▶ **Directions**: When a line in the entries below contains "logo", tally it; give the tally with nothing added.

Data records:
BEGIN

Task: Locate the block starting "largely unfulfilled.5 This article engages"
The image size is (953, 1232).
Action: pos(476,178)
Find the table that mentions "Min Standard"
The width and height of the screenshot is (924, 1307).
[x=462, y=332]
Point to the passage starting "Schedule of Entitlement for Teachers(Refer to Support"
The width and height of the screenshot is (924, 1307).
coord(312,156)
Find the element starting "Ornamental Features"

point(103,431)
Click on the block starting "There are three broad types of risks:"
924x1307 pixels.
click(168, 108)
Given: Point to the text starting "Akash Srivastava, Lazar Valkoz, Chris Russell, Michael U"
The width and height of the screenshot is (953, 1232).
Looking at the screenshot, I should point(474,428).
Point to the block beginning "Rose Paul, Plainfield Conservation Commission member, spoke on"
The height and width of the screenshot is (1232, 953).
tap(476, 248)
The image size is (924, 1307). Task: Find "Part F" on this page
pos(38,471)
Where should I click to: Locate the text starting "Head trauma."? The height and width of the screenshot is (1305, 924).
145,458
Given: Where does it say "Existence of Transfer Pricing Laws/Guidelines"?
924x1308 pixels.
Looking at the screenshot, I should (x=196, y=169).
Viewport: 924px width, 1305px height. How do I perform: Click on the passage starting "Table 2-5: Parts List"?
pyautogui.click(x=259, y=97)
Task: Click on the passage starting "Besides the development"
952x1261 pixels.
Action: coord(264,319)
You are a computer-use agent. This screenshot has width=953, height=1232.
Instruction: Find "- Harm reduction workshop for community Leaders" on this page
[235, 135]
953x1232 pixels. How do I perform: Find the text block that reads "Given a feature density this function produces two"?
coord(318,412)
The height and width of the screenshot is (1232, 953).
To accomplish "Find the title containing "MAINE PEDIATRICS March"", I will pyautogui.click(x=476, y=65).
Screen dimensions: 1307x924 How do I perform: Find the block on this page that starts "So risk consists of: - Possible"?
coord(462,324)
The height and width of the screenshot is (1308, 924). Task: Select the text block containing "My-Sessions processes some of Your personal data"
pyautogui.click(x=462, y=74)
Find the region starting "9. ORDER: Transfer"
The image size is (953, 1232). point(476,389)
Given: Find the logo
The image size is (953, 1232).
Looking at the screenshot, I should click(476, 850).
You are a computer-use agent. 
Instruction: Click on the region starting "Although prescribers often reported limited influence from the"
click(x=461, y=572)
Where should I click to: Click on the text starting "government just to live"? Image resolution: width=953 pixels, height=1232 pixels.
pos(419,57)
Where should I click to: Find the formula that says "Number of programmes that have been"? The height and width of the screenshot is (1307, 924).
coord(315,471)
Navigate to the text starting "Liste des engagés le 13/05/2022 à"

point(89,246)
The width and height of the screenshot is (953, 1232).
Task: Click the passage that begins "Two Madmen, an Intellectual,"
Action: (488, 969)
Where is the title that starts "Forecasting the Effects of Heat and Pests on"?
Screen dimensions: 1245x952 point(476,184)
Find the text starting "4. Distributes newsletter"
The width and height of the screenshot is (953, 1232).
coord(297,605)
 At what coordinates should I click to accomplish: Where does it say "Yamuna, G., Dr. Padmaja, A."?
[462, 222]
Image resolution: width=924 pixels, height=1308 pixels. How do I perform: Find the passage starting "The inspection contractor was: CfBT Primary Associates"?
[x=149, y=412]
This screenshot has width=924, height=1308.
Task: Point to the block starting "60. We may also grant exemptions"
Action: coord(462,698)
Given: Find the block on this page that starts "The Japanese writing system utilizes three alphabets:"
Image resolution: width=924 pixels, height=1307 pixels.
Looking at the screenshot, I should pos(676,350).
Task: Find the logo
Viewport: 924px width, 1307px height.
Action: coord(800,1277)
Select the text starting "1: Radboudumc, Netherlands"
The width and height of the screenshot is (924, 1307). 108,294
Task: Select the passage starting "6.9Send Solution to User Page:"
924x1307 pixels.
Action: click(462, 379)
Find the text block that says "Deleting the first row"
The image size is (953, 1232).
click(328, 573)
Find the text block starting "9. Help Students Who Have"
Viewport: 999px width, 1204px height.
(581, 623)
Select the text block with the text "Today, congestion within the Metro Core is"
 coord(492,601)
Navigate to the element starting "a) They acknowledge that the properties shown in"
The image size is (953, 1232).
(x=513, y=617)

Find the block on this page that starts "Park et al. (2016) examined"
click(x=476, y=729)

END

▶ **Response for this exercise**: 2